Electric hybrids have higher city mileage but lower highway mileage than gas vehicles, and the hybrids emit less pollution. Biofuels like ethanol (produced from corn) and methanol, an alcohol-based fuel (produced from natural gas) emit less pollution and are an additional mode of fuel for several municipal bus fleets including those in the D.C. metro area. Hydrogen is also among the alternative fuels, and it emits the least pollution of any fuel source. Although it can be made from fossil fuels like oil and coal which are major sources of environmental pollution or it can develop from renewable fuel sources like wind and electricity, hydrogen’s emission is water.

Currently, Shell Oil in partnership with General Motors operate an integrated hydrogen fuel station on Benning Road in northeast D.C., the only retail hydrogen fuel station in the U.S. Tim O’Leary, Manager of External Affairs for Shell Renewables and Hydrogen, says “hydrogen fuel is twice as efficient as gasoline because a driver can travel twice as far on a kilogram of hydrogen vs. a gallon of gasoline.” He sees hydrogen as the fuel of the distant future.

Although hydrogen fuel cell vehicles are not expected to be available to the general public in the near future, the Post Office and the Army maintain a fleet of hydrogen fueled vehicles in the D.C. area. The location of the Shell Hydrogen station, which opened in the fall of 2004, and the safety of the station met stiff resistance by the River Terrace Community Organization, the D.C. Green Party, and the Sierra Club. Protestors accused Shell Hydrogen of environmental racism for locating the station within steps of an elementary school, in a largely Black working class community.

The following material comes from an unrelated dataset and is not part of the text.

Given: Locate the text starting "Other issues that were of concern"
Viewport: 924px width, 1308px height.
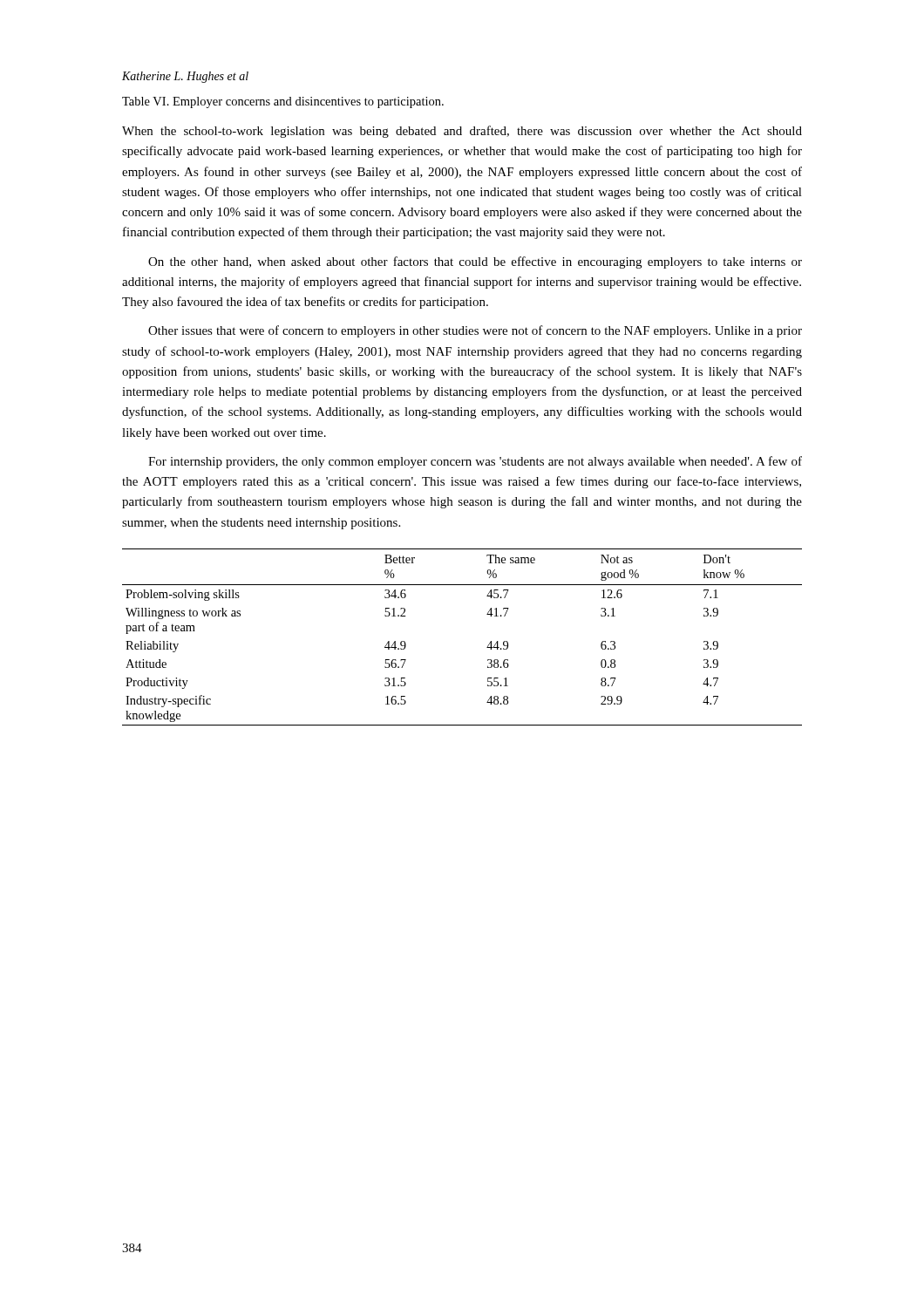Looking at the screenshot, I should pos(462,382).

What are the safety considerations in transporting the hydrogen to the station? How does the process of developing hydrogen fuel impact the environment? When asked why Shell did not locate the hydrogen station in an industrial park or a non-residential area of the city, O’Leary replied that Shell required “a large plot of land,” and the company has “a perfect safety record for transporting hydrogen to the station, and they follow the same safety protocol for the hydrogen station as for any gas station in case of an accident.” Nevertheless, community and environmental concerns remain.

Ultimately, communities are challenged to demand that their legislators investigate why the country is experiencing record high fuel prices, and what can be done to alleviate the toll it is taking on their wallets. Although the District representative in Congress does not have voting power, representatives and senators in the surrounding jurisdictions do. It is one more reason why the District needs statehood, and it is another reason for residents to be proactive in the political process and urge accountability by oil companies.